Tessa Jowell: The progress that
Ofcom has made has been very good indeed. Vesting day is 29 December
at which point they will take over all the functions of the component
regulators. David Curry is providing outstanding leadership to
Ofcom. I think he has assembled in the chief executive and the
management board people of outstanding quality, including some
of the very bright starts from my own department. I do not have
wholly unmixed feelings about Ofcom's success in building an organisation
of real calibre. Clearly they are constrained at the moment in
the functions that they can undertake. They are gearing up for
what will be their first major piece of work which will be the
review of public service broadcasting, which is a very important
precursor and complementary study to the charter review, which
I intend to launch consultation on on 11 December. That is Thursday
of next week.
Q17 Mr Doran: It seems clear from your
report that the way in which the department will monitor the progress
of Ofcom will be through the annual report. As this questioning
session goes on, you will hear a number of criticisms of the department's
own annual report. I think I have to ask what will make the Ofcom
report harder and more easy to assess than we are finding it with
the DCMS annual report?
Tessa Jowell: Ofcom's accountability
is two-fold both to my department and to the DTI. The monitoring
of Ofcom's performance will be carried out across two departments.
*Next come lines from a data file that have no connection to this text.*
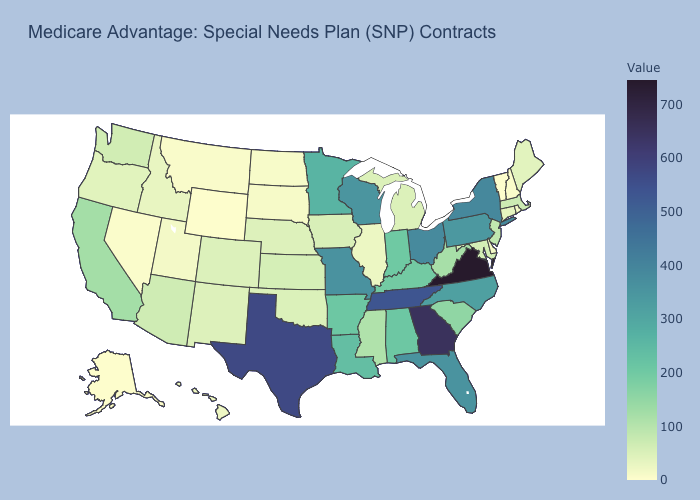Does Mississippi have a higher value than Arkansas?
Concise answer only. No. Is the legend a continuous bar?
Keep it brief. Yes. Does Florida have the lowest value in the USA?
Write a very short answer. No. Does Vermont have the lowest value in the USA?
Concise answer only. Yes. Does the map have missing data?
Concise answer only. No. Which states hav the highest value in the MidWest?
Give a very brief answer. Ohio. Is the legend a continuous bar?
Write a very short answer. Yes. Which states have the lowest value in the West?
Answer briefly. Alaska, Wyoming. Does New Mexico have the lowest value in the USA?
Concise answer only. No. 
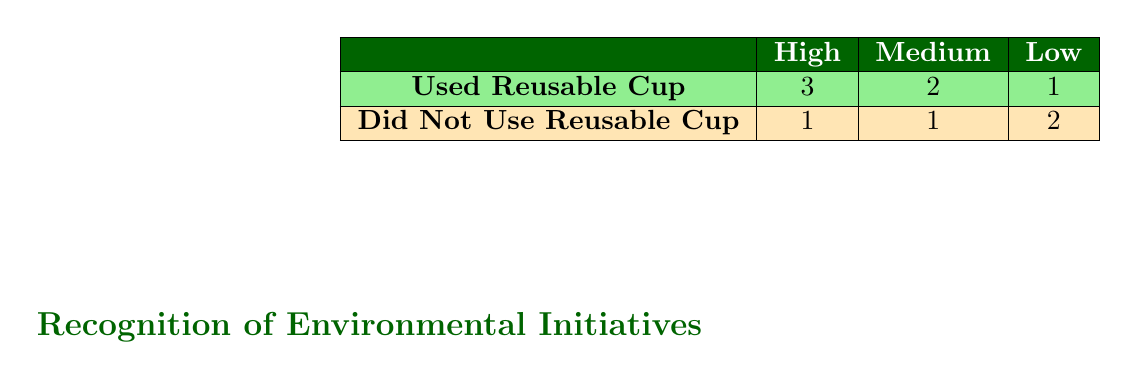What is the total number of coffee shops that recognized environmental initiatives as 'High'? From the table, we see that the row for 'Used Reusable Cup' under 'High' has a value of 3, indicating that three coffee shops recognized initiatives at a high level.
Answer: 3 How many coffee shops that did not use a reusable cup recognized initiatives as 'Medium'? The row for 'Did Not Use Reusable Cup' under 'Medium' shows a value of 1, meaning there is one coffee shop that recognized initiatives at a medium level without using a reusable cup.
Answer: 1 Which recognition level has the highest number of coffee shops that used reusable cups? Looking at the 'Used Reusable Cup' row, the 'High' recognition has 3 coffee shops, which is the highest compared to the other recognition levels.
Answer: High Is it true that there are more coffee shops recognizing initiatives at 'Low' compared to those that used reusable cups? Checking the 'Low' column, we see 1 coffee shop used a reusable cup and 2 did not. Since 2 is greater than 1, the statement is true.
Answer: Yes What is the difference in the number of coffee shops recognizing initiatives at 'High' and 'Low' that have used a reusable cup? The 'High' category has 3 coffee shops and the 'Low' category has 1 coffee shop. The difference is 3 - 1 = 2.
Answer: 2 How many coffee shops did not use reusable cups in total? Looking at both the 'Low' (2) and 'Medium' (1) rows under 'Did Not Use Reusable Cup,' we add these values to get a total of 2 + 1 = 3 coffee shops that did not use reusable cups.
Answer: 3 Find the average number of coffee shops that recognized initiatives at 'Medium' across both categories of reusable cup usage. The 'Medium' category had 2 coffee shops using reusable cups and 1 not using them. The total number is 2 + 1 = 3, and average = 3 / 2 = 1.5.
Answer: 1.5 How many coffee shops recognized initiatives at 'High' and did not use a reusable cup? Referring to the 'Did Not Use Reusable Cup' row under 'High,' it indicates that there is 1 coffee shop.
Answer: 1 
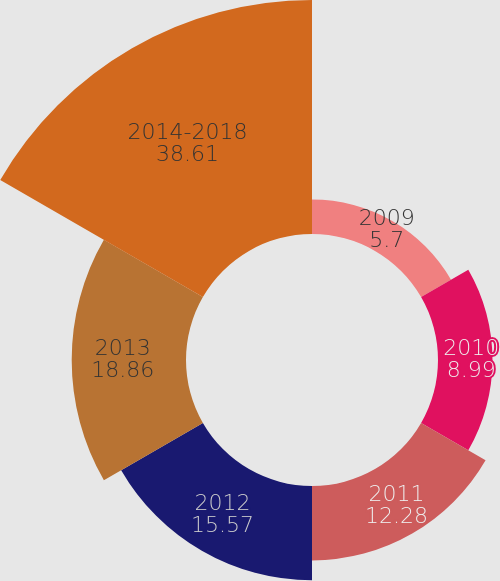<chart> <loc_0><loc_0><loc_500><loc_500><pie_chart><fcel>2009<fcel>2010<fcel>2011<fcel>2012<fcel>2013<fcel>2014-2018<nl><fcel>5.7%<fcel>8.99%<fcel>12.28%<fcel>15.57%<fcel>18.86%<fcel>38.61%<nl></chart> 
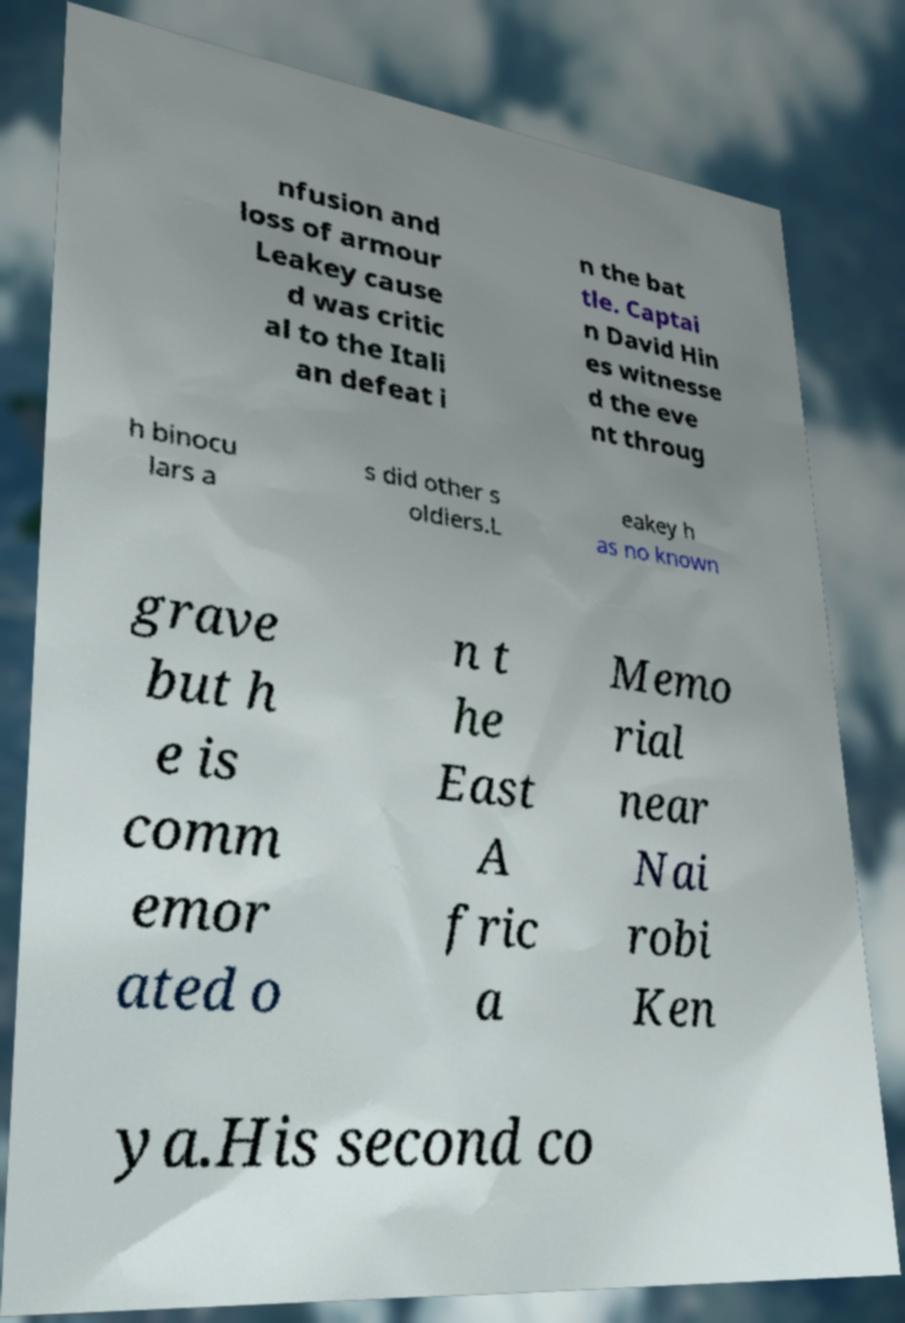Please read and relay the text visible in this image. What does it say? nfusion and loss of armour Leakey cause d was critic al to the Itali an defeat i n the bat tle. Captai n David Hin es witnesse d the eve nt throug h binocu lars a s did other s oldiers.L eakey h as no known grave but h e is comm emor ated o n t he East A fric a Memo rial near Nai robi Ken ya.His second co

Ms Street: If the Committee has
views on how Ofcom can assist everybody best by the nature of
its annual report and also views on us, we can feed those in.
The accountability and transparency will be through the annual
report but of course there will be working level monitoring discussions
all the time between both departments. I think DTI and ourselves
showed very well during the passage of the Communications Bill
and Act that it was a genuinely integrated team and the monitoring
and relationship with Ofcom will continue in that vein.
Q18 Mr Doran: One of my main interests
in Ofcom's role, apart from the regional issue which is quite
large, is the relative failure of broadcasters in this country
to support the film industry, either by supporting film production
or by showing British made films on good television. I am aware
that the Communications Act contains a section which will allow
film making for the first time to be looked at as part of the
new public sector requirement. How will that be monitored in practice?
Tessa Jowell: That will be one
dimension of the definition of the range of genre that public
service broadcasters are expected to support. In the first instance,
that will be monitored by Ofcom through the three tier regulatory
structure. In relation to the commercial public service broadcasters
it will be published through the statements of programme policy
that the broadcasters themselves will produce and Ofcom will then
monitor retrospectively. There is not a quantitative, tier two
target.
Q19 Mr Doran: That is important because
we are starting from a very low base, are we not?
Tessa Jowell: Yes, you are right.
There is not a quantitative, tier two target. There is a requirement
on all public service broadcasters to promoteI cannot recall
the exact wording of the Act in relation to thisBritish
film in their scheduling. You are right to say that that is a
first. We have done a second important thing to promote film and
that is through the review of programme supply, freeing up the
whole issue of possession of rights to the advantage of the independent
production companies. The code of practice may already have been
signed by Ofcom or it is very close to being signed by Ofcom.
Ofcom will monitor the performance of the broadcasters against
the code that they have drawn up in the light of the conclusions
of the expert review which I commissioned about 18 months ago.
That is a second area in which support for British made film will
be reinforced. What I would suggest is that the legislation is
very new and we have to track over time its success in meeting
the objectives that were so very clearly articulated by Parliament.